● PROBLEM TO SOLVE
Look through the listing below and report the lines that have the word "Count" in them.

##### SUPPLIED RECORDS

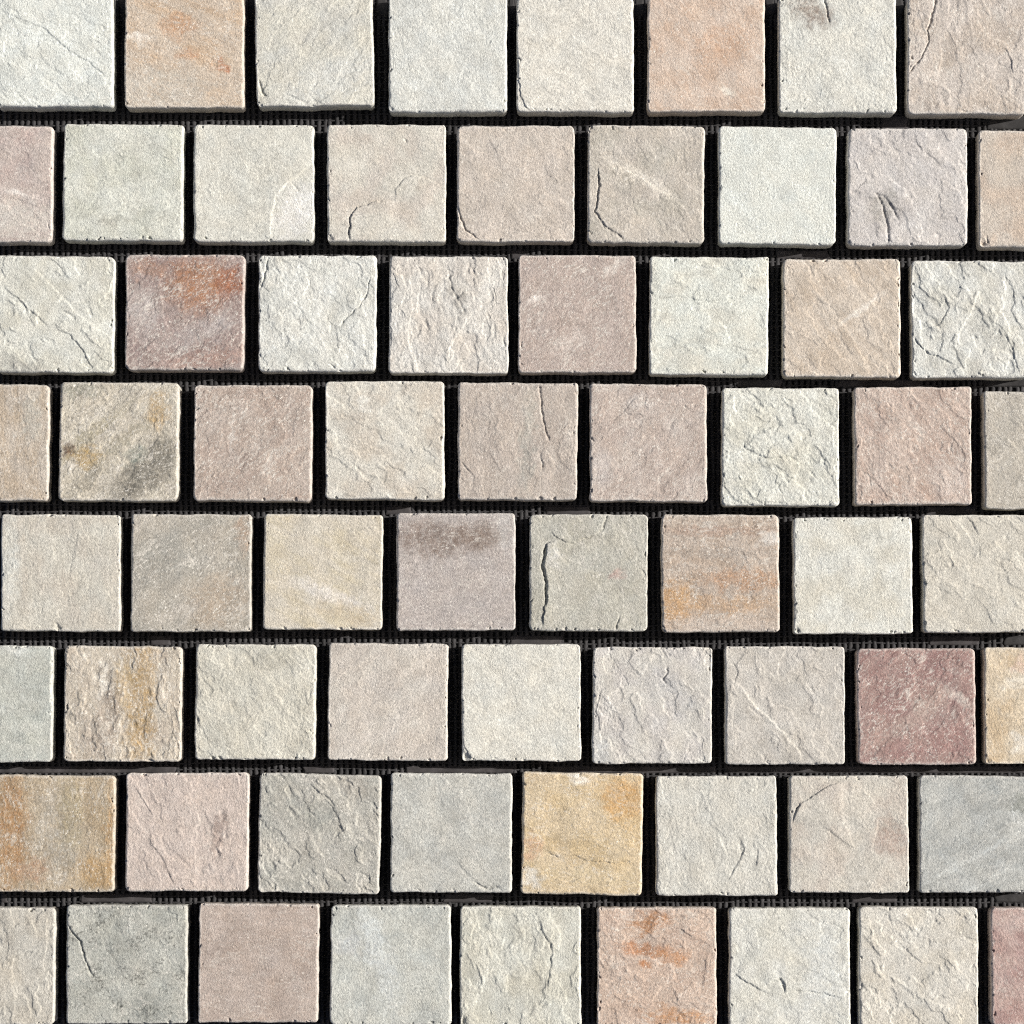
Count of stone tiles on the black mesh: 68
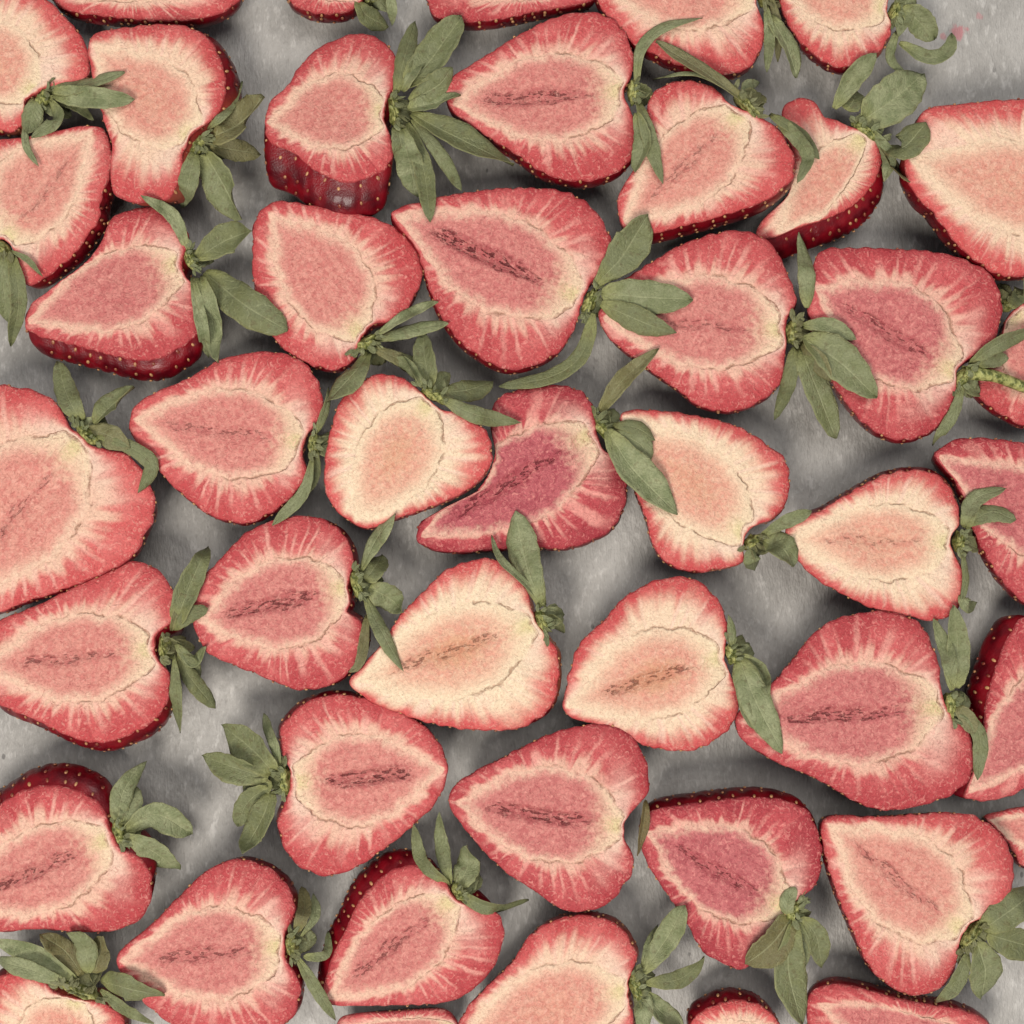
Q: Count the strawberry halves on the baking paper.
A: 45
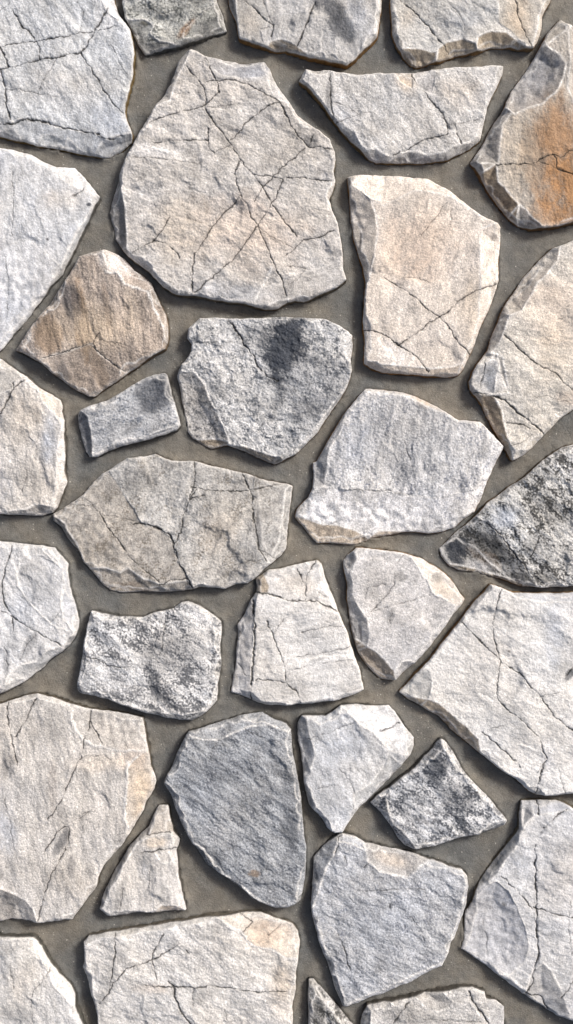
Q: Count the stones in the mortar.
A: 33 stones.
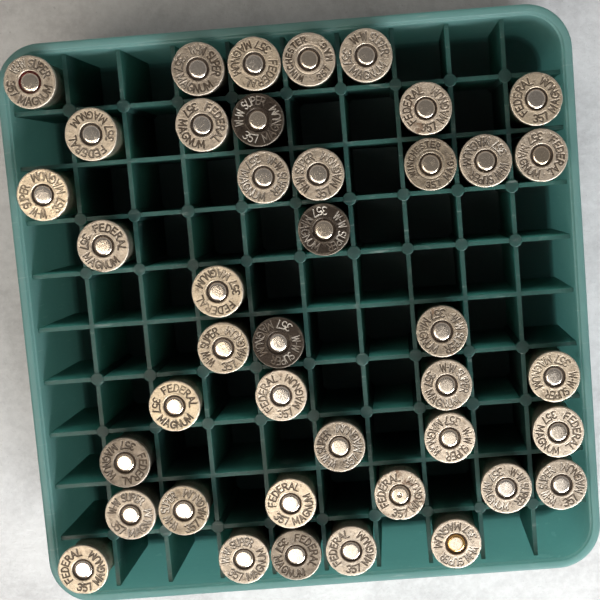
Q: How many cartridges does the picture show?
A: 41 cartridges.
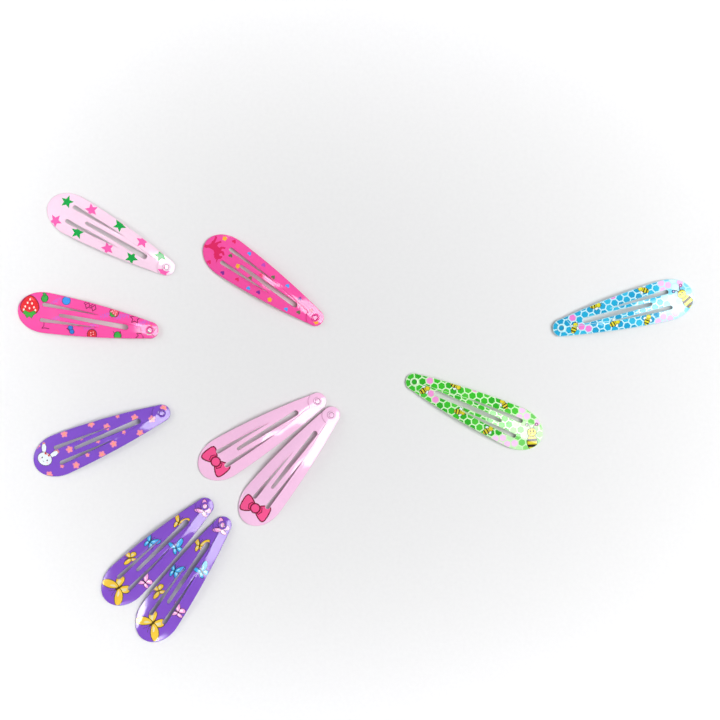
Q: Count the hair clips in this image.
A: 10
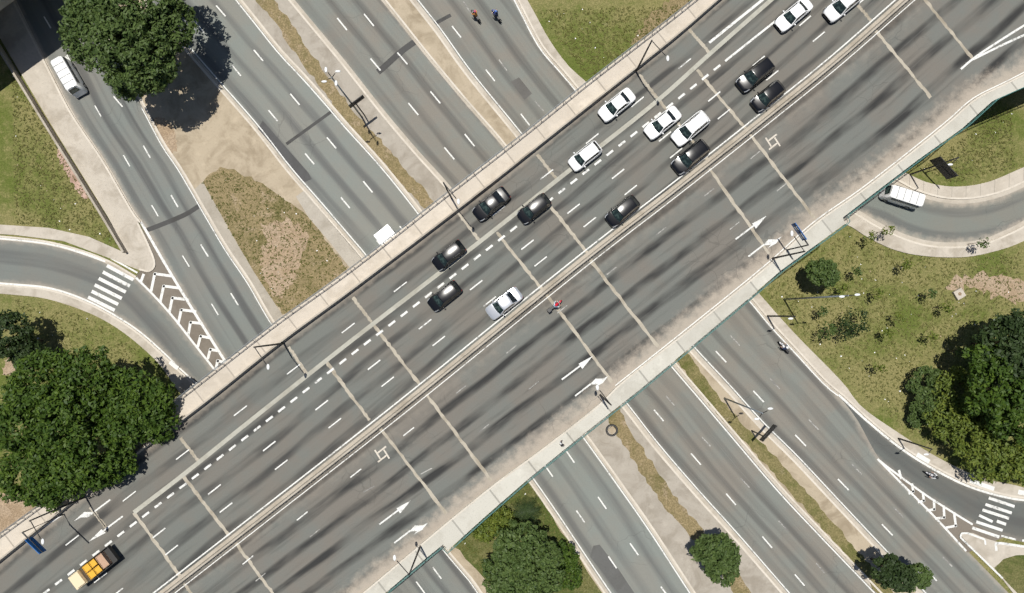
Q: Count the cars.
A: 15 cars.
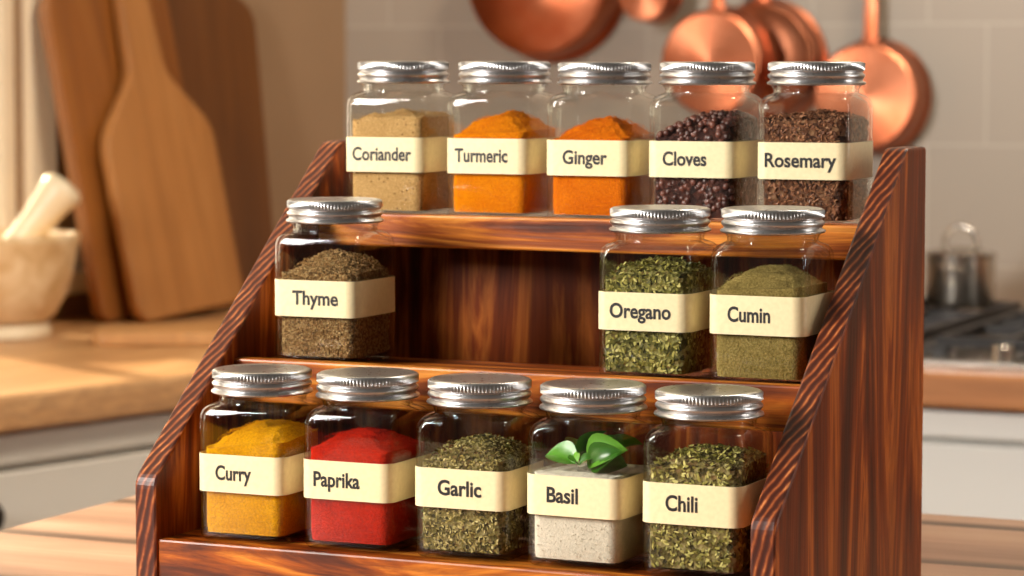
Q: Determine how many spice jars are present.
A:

##########

● ANSWER BOX
Count of stone tiles on the black mesh: 68
Q: Count the strawberry halves on the baking paper.
Q: Count the stones in the mortar.
Q: Count the hair clips in this image.
Q: Count the cars.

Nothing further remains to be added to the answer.